Differential pulse voltammograms of omeprazole. Scan potential:
0.40 to 1.0V; pre-concentration time: 120 sec; quite time: 10 sec; scan
rate: 50 mV sec-1; pulse amplitude: 60 mV. 1, 0.2 mol/LHAc-NaAc
(pH 5.10); 2, 3.0 mg L-1 omeprazole+0.2 mol/LHAc-NaAc (pH 5.10);
3, 5.0 mg L-1 omeprazole+ 0.2 mol/LHAc-NaAc (pH 5.10)

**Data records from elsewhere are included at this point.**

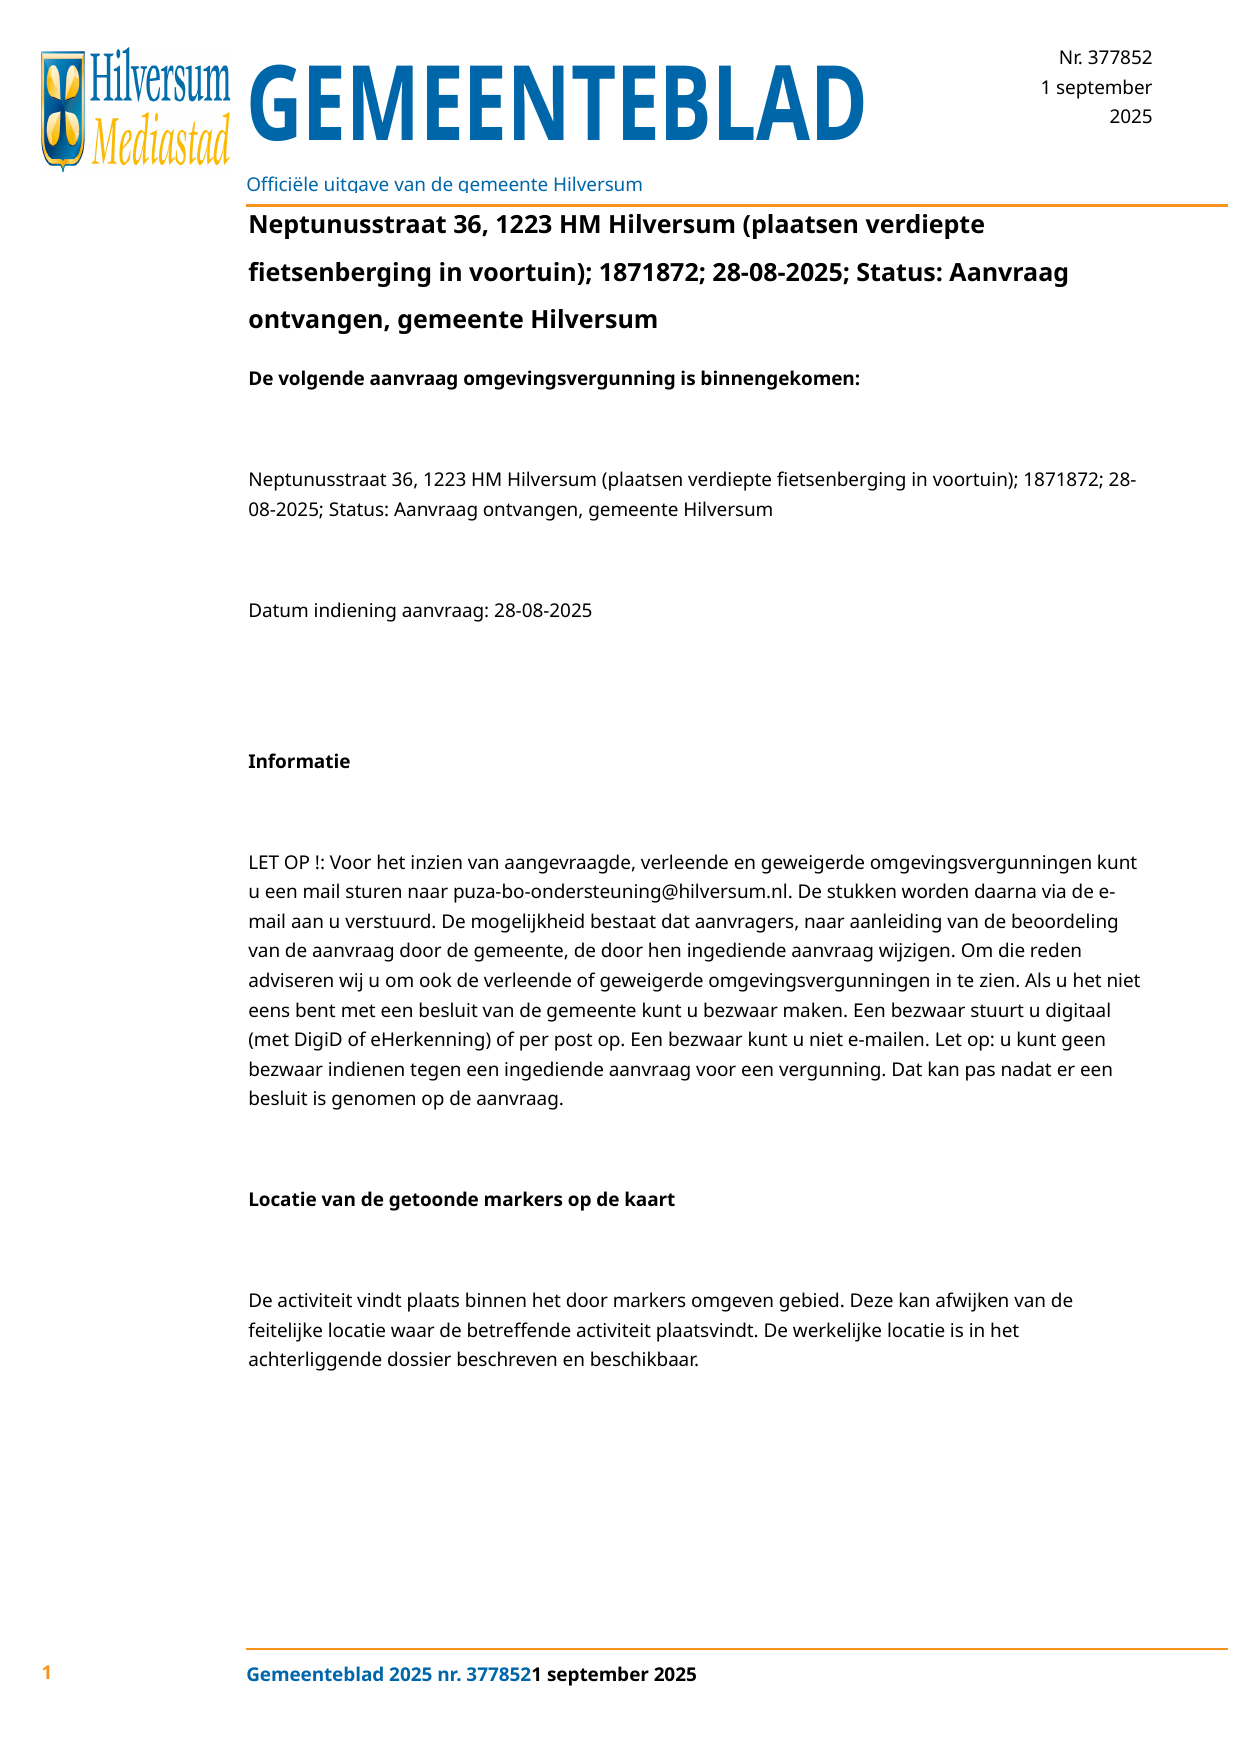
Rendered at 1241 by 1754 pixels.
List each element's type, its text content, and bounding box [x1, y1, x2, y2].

text De volgende aanvraag omgevingsvergunning is binnengekomen: [248, 366, 1152, 391]
picture [41, 47, 231, 172]
text Datum indiening aanvraag: 28-08-2025 [248, 597, 1152, 622]
text Informatie [248, 748, 1152, 774]
text Locatie van de getoonde markers op de kaart [248, 1186, 1152, 1212]
text De activiteit vindt plaats binnen het door markers omgeven gebied. Deze kan afwijken van de feitelijke locatie waar de betreffende activiteit plaatsvindt. De werkelijke locatie is in het achterliggende dossier beschreven en beschikbaar. [248, 1287, 1152, 1372]
text Neptunusstraat 36, 1223 HM Hilversum (plaatsen verdiepte fietsenberging in voortuin); 1871872; 28-08-2025; Status: Aanvraag ontvangen, gemeente Hilversum [248, 207, 1152, 336]
text Neptunusstraat 36, 1223 HM Hilversum (plaatsen verdiepte fietsenberging in voortuin); 1871872; 28-08-2025; Status: Aanvraag ontvangen, gemeente Hilversum [248, 466, 1152, 522]
text LET OP !: Voor het inzien van aangevraagde, verleende en geweigerde omgevingsvergunningen kunt u een mail sturen naar puza-bo-ondersteuning@hilversum.nl. De stukken worden daarna via de e-mail aan u verstuurd. De mogelijkheid bestaat dat aanvragers, naar aanleiding van de beoordeling van de aanvraag door de gemeente, de door hen ingediende aanvraag wijzigen. Om die reden adviseren wij u om ook de verleende of geweigerde omgevingsvergunningen in te zien. Als u het niet eens bent met een besluit van de gemeente kunt u bezwaar maken. Een bezwaar stuurt u digitaal (met DigiD of eHerkenning) of per post op. Een bezwaar kunt u niet e-mailen. Let op: u kunt geen bezwaar indienen tegen een ingediende aanvraag voor een vergunning. Dat kan pas nadat er een besluit is genomen op de aanvraag. [248, 849, 1152, 1111]
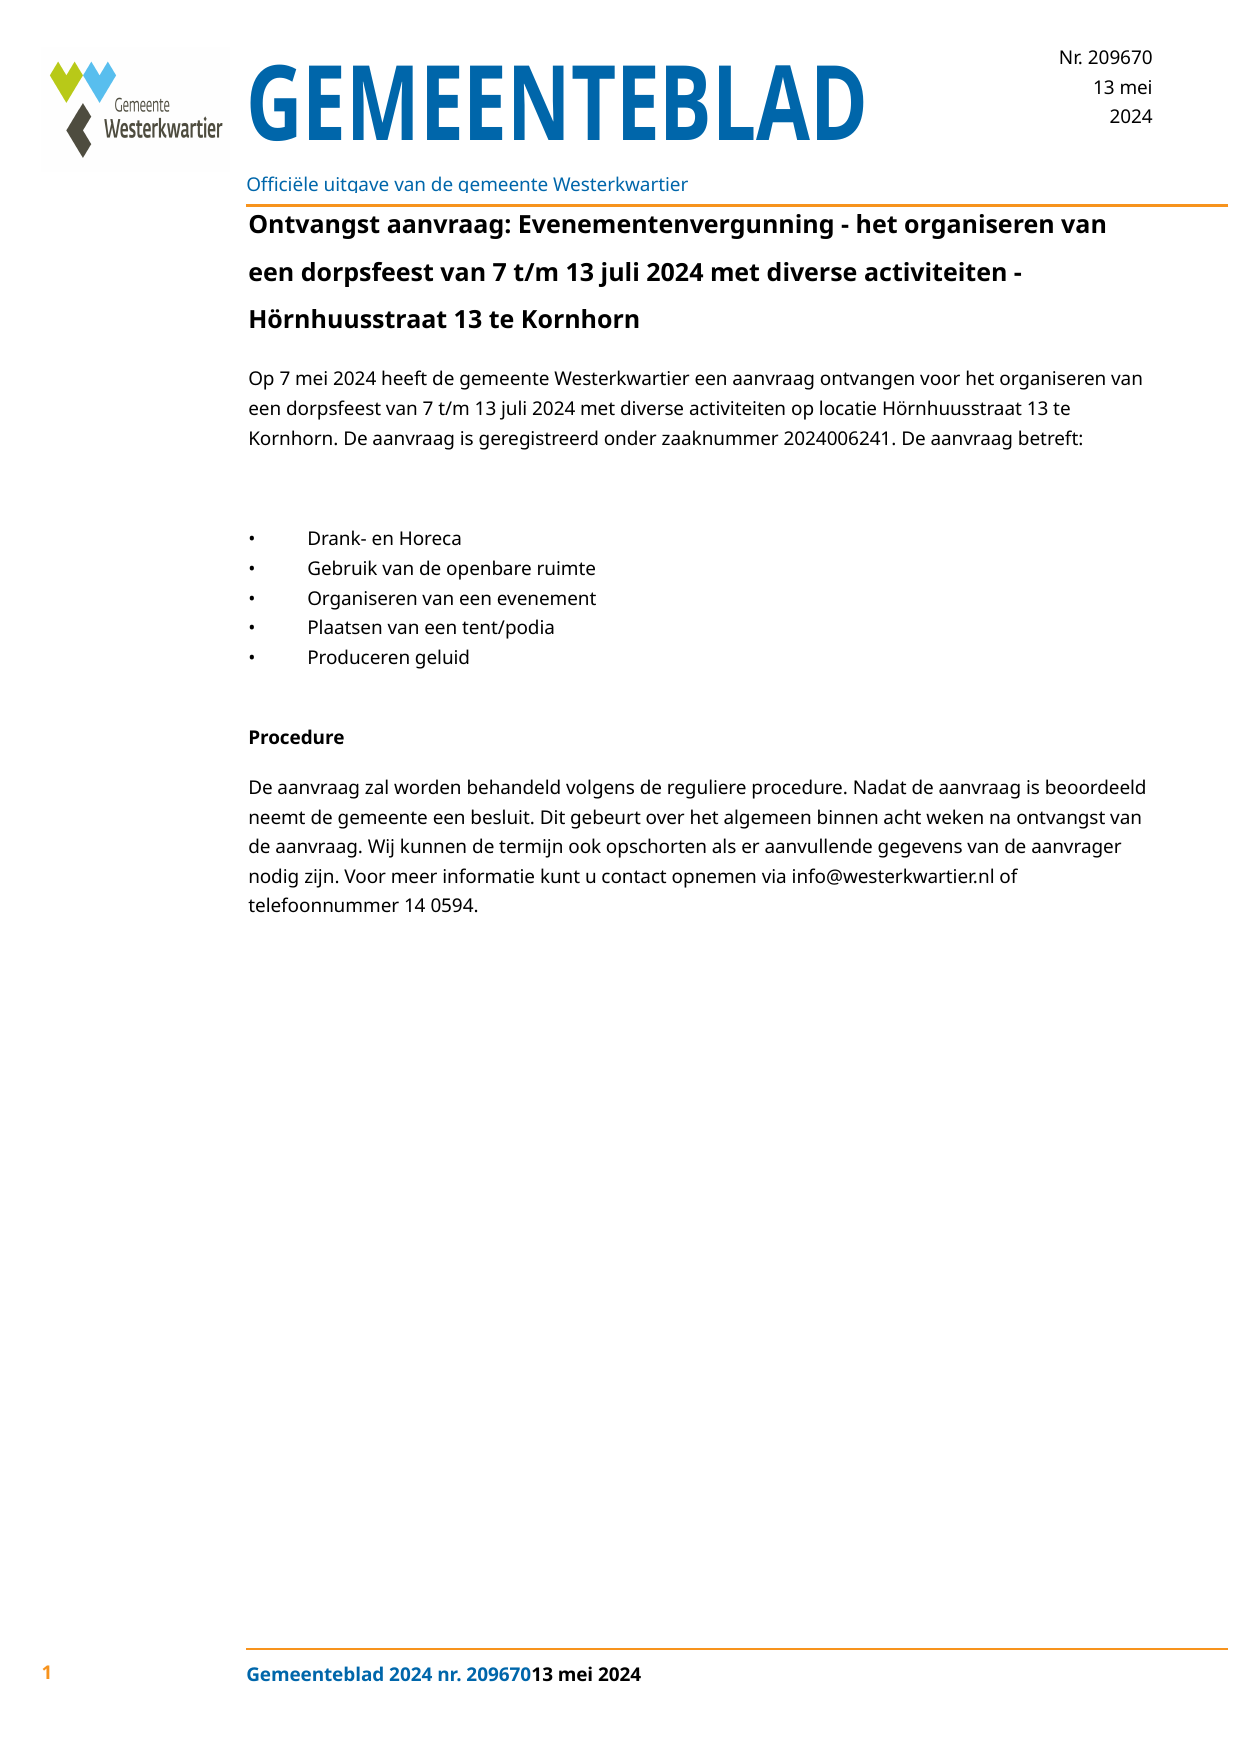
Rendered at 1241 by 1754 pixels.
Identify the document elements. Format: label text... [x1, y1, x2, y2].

list Plaatsen van een tent/podia [248, 614, 1152, 640]
text De aanvraag zal worden behandeld volgens de reguliere procedure. Nadat de aanvraag is beoordeeld neemt de gemeente een besluit. Dit gebeurt over het algemeen binnen acht weken na ontvangst van de aanvraag. Wij kunnen de termijn ook opschorten als er aanvullende gegevens van de aanvrager nodig zijn. Voor meer informatie kunt u contact opnemen via info@westerkwartier.nl of telefoonnummer 14 0594. [248, 774, 1152, 918]
list Organiseren van een evenement [248, 585, 1152, 610]
list Gebruik van de openbare ruimte [248, 555, 1152, 581]
list Drank- en Horeca [248, 526, 1152, 551]
text Op 7 mei 2024 heeft de gemeente Westerkwartier een aanvraag ontvangen voor het organiseren van een dorpsfeest van 7 t/m 13 juli 2024 met diverse activiteiten op locatie Hörnhuusstraat 13 te Kornhorn. De aanvraag is geregistreerd onder zaaknummer 2024006241. De aanvraag betreft: [248, 366, 1152, 450]
picture [41, 47, 231, 172]
list Produceren geluid [248, 644, 1152, 669]
text Ontvangst aanvraag: Evenementenvergunning - het organiseren van een dorpsfeest van 7 t/m 13 juli 2024 met diverse activiteiten - Hörnhuusstraat 13 te Kornhorn [248, 207, 1152, 336]
text Procedure [248, 724, 1152, 749]
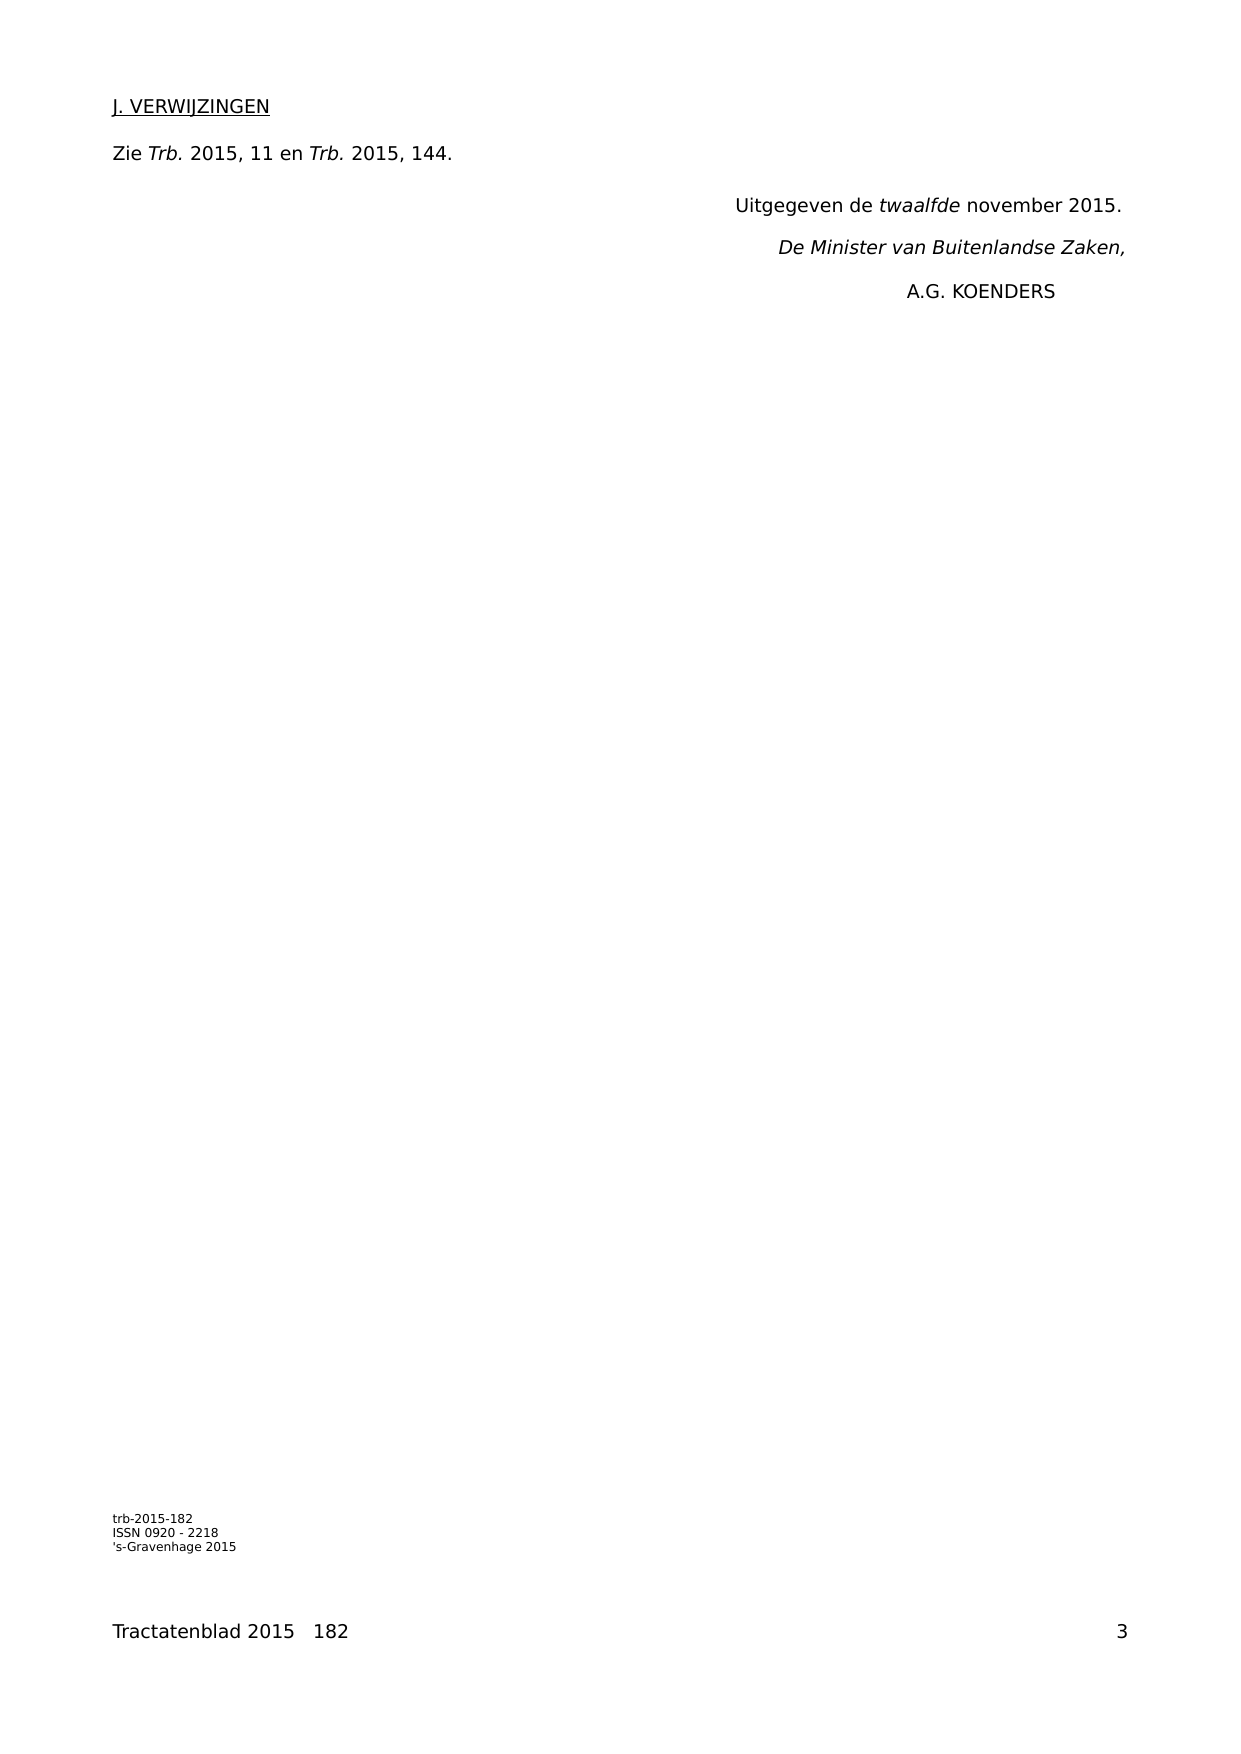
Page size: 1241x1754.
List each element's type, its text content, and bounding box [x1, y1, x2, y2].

text De Minister van Buitenlandse Zaken, A.G. KOENDERS [112, 237, 1128, 303]
text Uitgegeven de twaalfde november 2015. [112, 195, 1128, 217]
text Zie Trb. 2015, 11 en Trb. 2015, 144. [112, 143, 1128, 165]
text ISSN 0920 - 2218 [112, 1526, 346, 1540]
text trb-2015-182 [112, 1512, 346, 1526]
text 's-Gravenhage 2015 [112, 1540, 346, 1554]
subtitle J. VERWIJZINGEN [112, 96, 1128, 118]

Repetitive cyclic voltammogram of omeprazole 5.0 mg L-1
omeprazole + 0.2 mol/LHAc-NaAc (pH 5.10). Scan potential: 0.40 V to 1.0
V; pre-concentration time: 120 sec; Quite time: 10 sec; scan rate: 100 mV
sec-1. 1, first scan; 2, sec scan; 3, third scan
The utility of electrochemical analysis method using glass carbon electrode as working electrode for the determination of omeprazole was reported for the first time. In the medium of Hac-NaAc buffer solution (pH 5.10), a sensitive differential pulse voltammetric peak of omeprazole at glass carbon electrode at about +0.74 V (vs Ag/AgCl) is found. There is a good linear relationship between the peak current and the concentration of omeprazole in the range of 1.0~20 mg L-1. The detection limit of the method is 0.19 mg L-1. The electrochemical analysis method described here enables simple and rapid determination of omeprazole in real samples. The concentration of omeprazole in omeprazole enteric coated tablets has been determined with good results by this method.